Building can be messy. That’s half the fun! As we develop new software and explore what generative AI can do, we’re here to share the lessons, surprises, and code along the way. Explore hands-on guides, architecture deep dives, and practical tools from the Maro engineering team.

The Code Refinement Protocol

At Maro, we believe in the four principles of good code:

Clarity - Code should be readable without consulting your outie's notes (which you can't access anyway)

Efficiency - Work smarter, not harder (you'll still get your Waffle Party)

Compliance - Follow the standards, or risk a trip to the Break Room

Documentation - Remember, future you is like an outie—they don't remember what you were thinking

Milcheck ensures adherence to these principles, gently guiding developers toward the light of Kier's wisdom in every PR review.

Introduction

Every day, developers shuffle into their workstations, stare at pull requests, and methodically sort through lines of code like numbers waiting to be binned.

Sound familiar? Code reviews: necessary, but often as spiritually fulfilling as endless Macrodata Refinement on a Monday morning.

Here at Maro, we're big fans of leveraging AI tools to accelerate feature development, improve quality, squash bugs, generate docs, and generally make our severed work lives more bearable. Tools like GitHub Copilot, Roo Code, Cursor, and more have already made our lives much easier. AI Agents truly are game-changers!

There are several emerging agent-based tools specifically aimed at assisting with code reviews, integrated directly into GitHub (think CodeRabbit, Qodo.ai, Sourcegraph Cody, and so on). These solutions are great, but they often come with tradeoffs: they're typically subscription-based, pricey, and can lock you into specific platforms or workflows – almost like a Lumon contract.

Recently, Anthropic introduced Claude Code—an exciting, developer-focused tool that brings Claude's powerful reasoning capabilities directly to the command line.

After experimenting with Claude Code, we began to wonder: could this become an additional voice in our code review process? Perhaps a floor supervisor? Traditionally, teams rely on automated GitHub checks like running test suites, checking builds, or running linters to ensure code quality and security. But these tools often miss the bigger picture, the why behind the numbers.

What if we could introduce an AI-powered Code Review agent capable of deeper analysis—one that could actually understand whether code changes meet the functional requirements laid out in tickets, ensuring compliance without needing a trip to the Break Room?

Claude Code seemed ideally suited for this task. Thanks to its agentic architecture and CLI headless interface, it can not only read and interpret ticket specifications but also thoroughly analyze code changes to verify they meet those requirements. Plus, it can handle other crucial tasks typically covered by human reviewers, such as identifying potential security issues.

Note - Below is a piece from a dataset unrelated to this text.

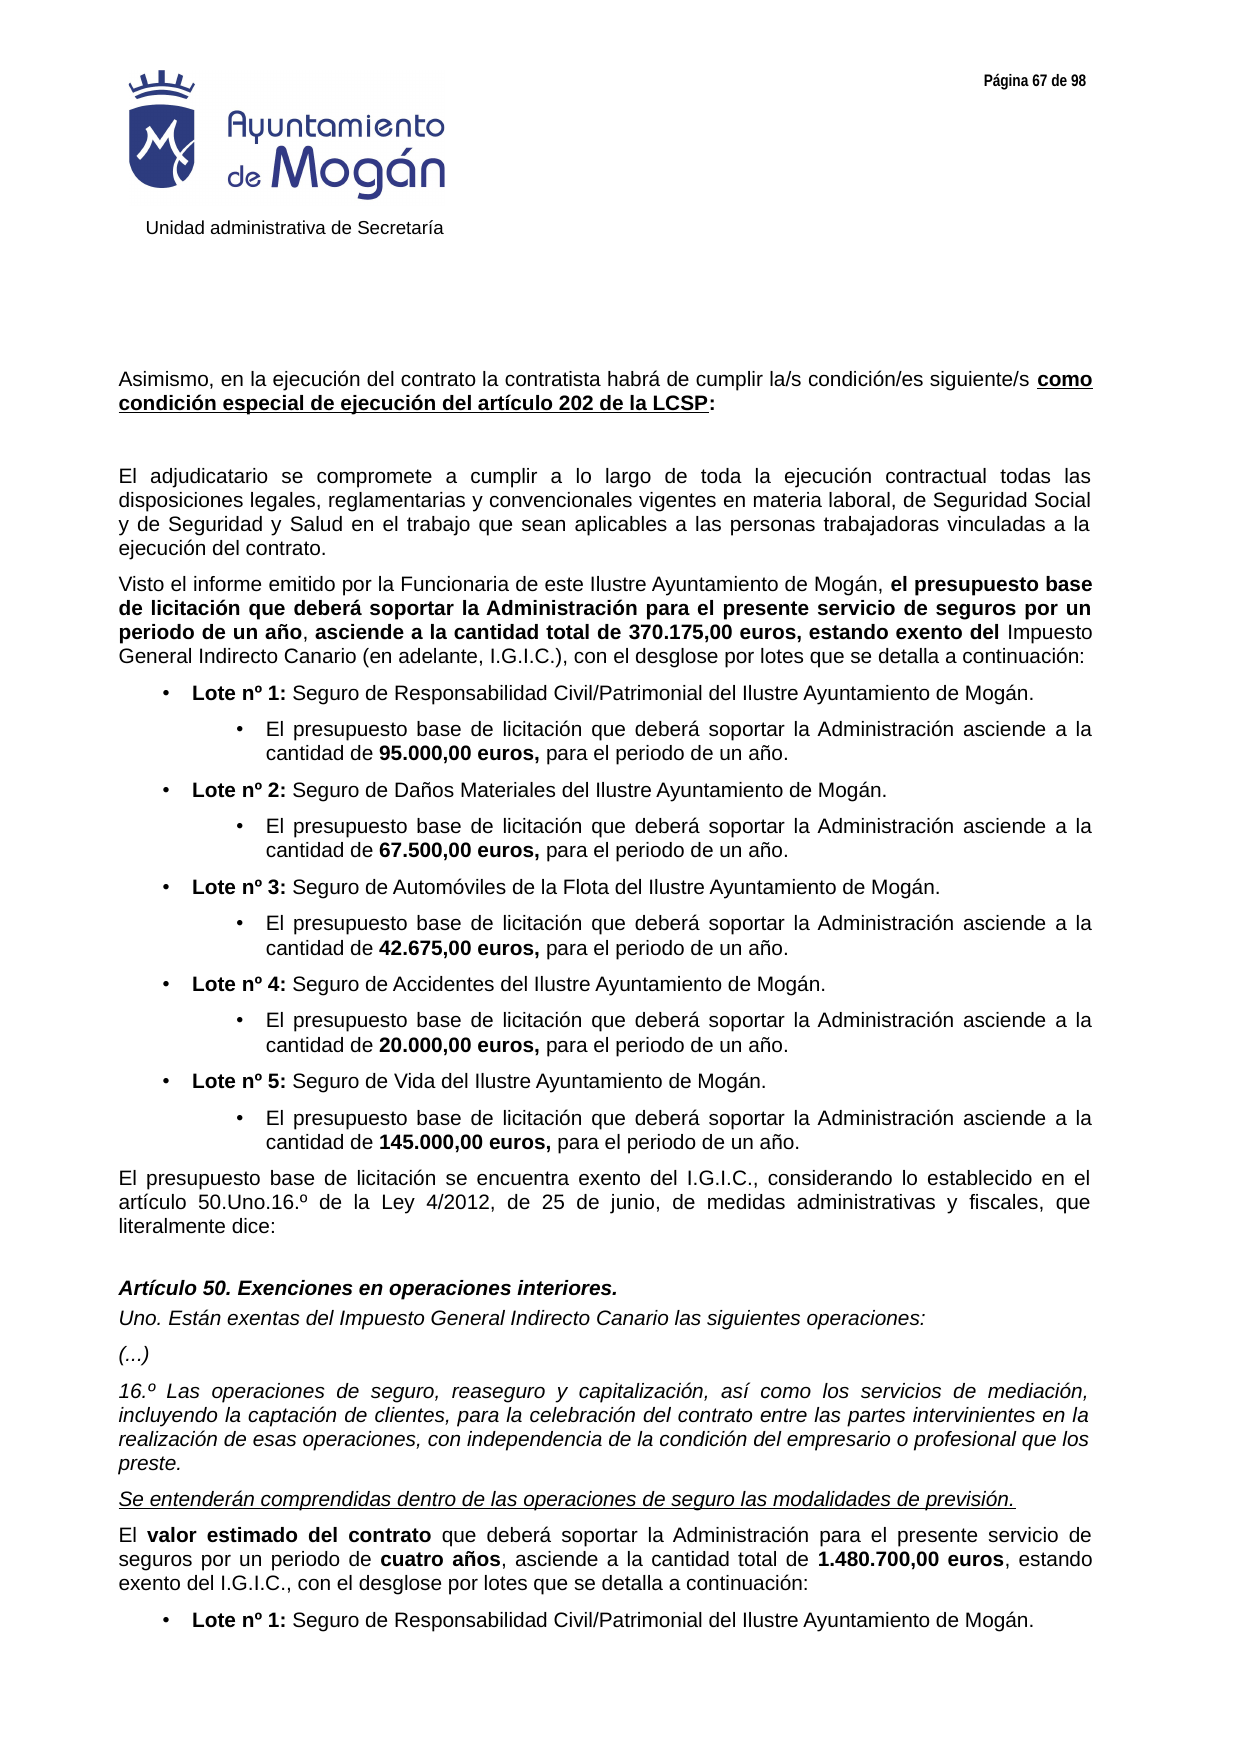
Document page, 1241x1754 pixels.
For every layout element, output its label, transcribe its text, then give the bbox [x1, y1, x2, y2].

So we set out to integrate Claude Code directly into GitHub as an automated reviewer – our own Milchick 'milcheck' – kicking into action whenever a developer submits a pull request. Here's how we built our proof of concept.

How We Built the Integration

We built a GitHub Action workflow with two primary components:

Central workflow (claude-code-review.yml): Located in our organization’s global .github repository, this reusable workflow handles the heavy lifting.
Trigger workflow (milcheck-reviewer.yml): Included in each project's repository, it triggers on PR openings or specific comment phrases, like a well-timed announcement from management.

Here's the basic workflow:

A PR is opened or someone comments @milcheck review, activating the trigger workflow.
The trigger workflow calls the central Claude Code Review workflow, passing along PR details.
The central workflow then:
- Collects PR information (title, description, files changed)
- Generates a diff for all code changes
- Crafts a prompt instructing Claude to check our ticketing system (Shortcut) for related ticket specs. Here, we integrate to Shortcut using Anthropic’s Model Context Protocol to allow Claude Code to fetch ticket details, but you can imagine using any tools that have a MCP server.
- Executes Claude Code with our prompt instructions.
- Posts Claude's review as a structured comment on the PR

The key is in the prompt. We instruct Claude to:

Review PR title and description for context
Fetch any linked Shortcut ticket information, including requirements and acceptance criteria
Examine the code changes for bugs, security issues, and spec adherence
Present the findings in a clear, structured format

The reason this is possible is also due to Claude Code’s ‘non interactive’ mode (-p) combined with the flexibility of MCP. By configuring your MCP servers (and giving it just the permissions you want to enable with —-allowedTools ), you can enable Claude to execute a series of tasks to gather context for a richer analysis.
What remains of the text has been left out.